Overall Analysis: When it comes to text analysis, context is key. How was the sentiment score calculated? Most tools do not provide you with the story behind the score—the relevant words, phrases and other elements that lead to real insight. If your text analysis is limited to just a score, you’re not getting the complete picture.
Amenity Analytics platforms use an integrated thematic sentiment engine that produces structured data sets with a higher degree of accuracy and relevancy. This is due to several factors.
First, it performs a full linguistic parsing on every analyzed document. Every word is reviewed and assigned information that relates to its base canonical form.
Amenity’s software can then identify the underlying meanings of linguistic patterns, including those associated with deception.
The proprietary NLP (natural language processing) analysis software adds context and metadata to each extraction, which increases recall and precision. This allows the engine to better filter noise, thereby surfacing the most relevant and actionable insights. Amenity’s software basically performs the role of a domain expert—but with greater speed and accuracy.
Now that we've covered the basics, let's look at how bank research analysts, asset managers, hedge funds, and other clients are using Amenity tools for thematic sentiment analysis on text data from external and internal documents.
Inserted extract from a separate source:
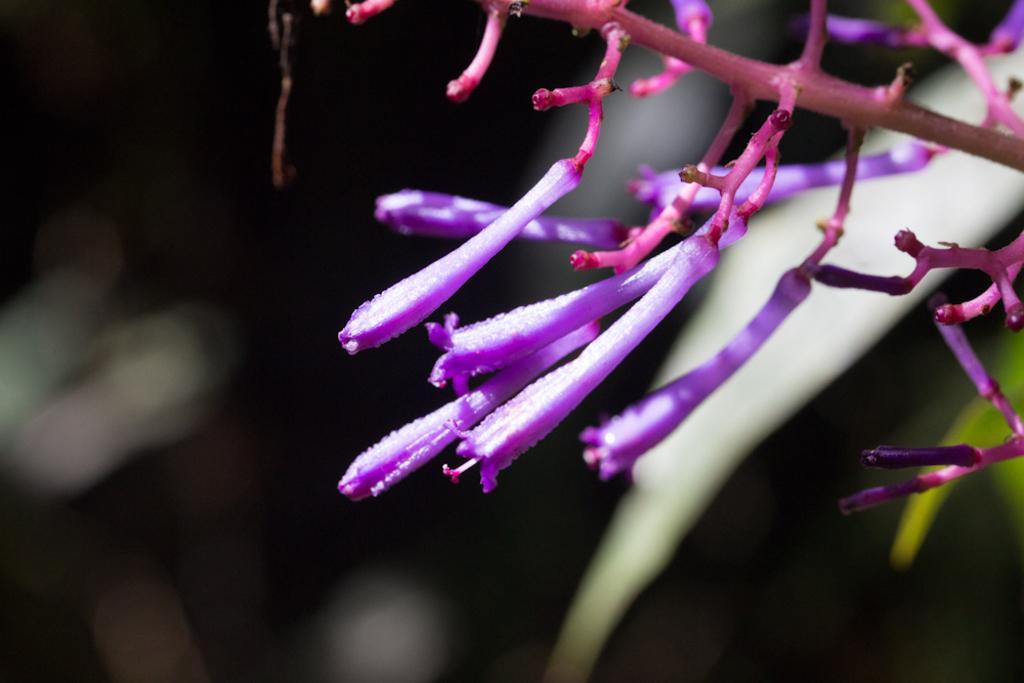What type of plant life is present in the image? There are flowers in the image. Where are the flowers located? The flowers are on a branch. What color are the flowers? The flowers are violet in color. What type of school can be seen in the image? There is no school present in the image; it features flowers on a branch. How many cows are visible in the image? There are no cows present in the image; it features flowers on a branch.

A leading investment bank needed a solution for the monitoring of news and conversation involving trade wars, with a goal of flagging any tone changes exhibited by policy makers.
Amenity Analysis conducted a dynamic analysis of trade and tariff-focused news articles, statements, and social media conversations involving major players in politics and economics.
The challenge was significant, given the fragmented nature of social media and the signal-to-noise ratio. Because of its ability to filter noise, understand context and reduce false positives, our platform was able to identify and score critical text data associated with currencies, credit, commodities and equity in key world regions.
Amenity Analytics' NLP model can be used to identify deceptive language in earnings statements. Embedded within the product are language analysis techniques commonly used by CIA interrogators. These techniques can identify uncertainty, doubt, dishonesty, hostility, and evasion.
The solution is refined enough to flag clichéd language and rhetorical tricks such as detour statements. Sudden increases in such language during earnings calls is often an early indicator that problems are brewing. Amenity's solution can compare text patterns from prior quarters, identify deviations, and even highlight questions that trigger questionable responses.
Amenity Analytics can generate key insights from SEC filings (registration statements; 10K reports; 10Q reports; 8K Reports; Schedule 13D; proxy statements; form 3, 4 and 5; and so on).
Wading through these filings is labor intensive. Amenity automates this process. Our platform can identify new risk factors, new disclosures, and any other red flags.
A company’s performance is often impacted by environmental, social and governance (ESG) issues. Given this, ESG investing continues to gain traction within the financial world. Amenity has embedded processing models that can replicate the perspective of an ESG expert.
If an investor needs access to ESG data within a filing, a news article, or a call transcript, Amenity can create data sets with texts it has highlighted from an ESG perspective.
Business application of thematic sentiment analysis continues to gain traction, especially within the financial sector. It helps to understand what is really behind a sentiment score and whether that information will move the needle when it comes to strategy and decision making.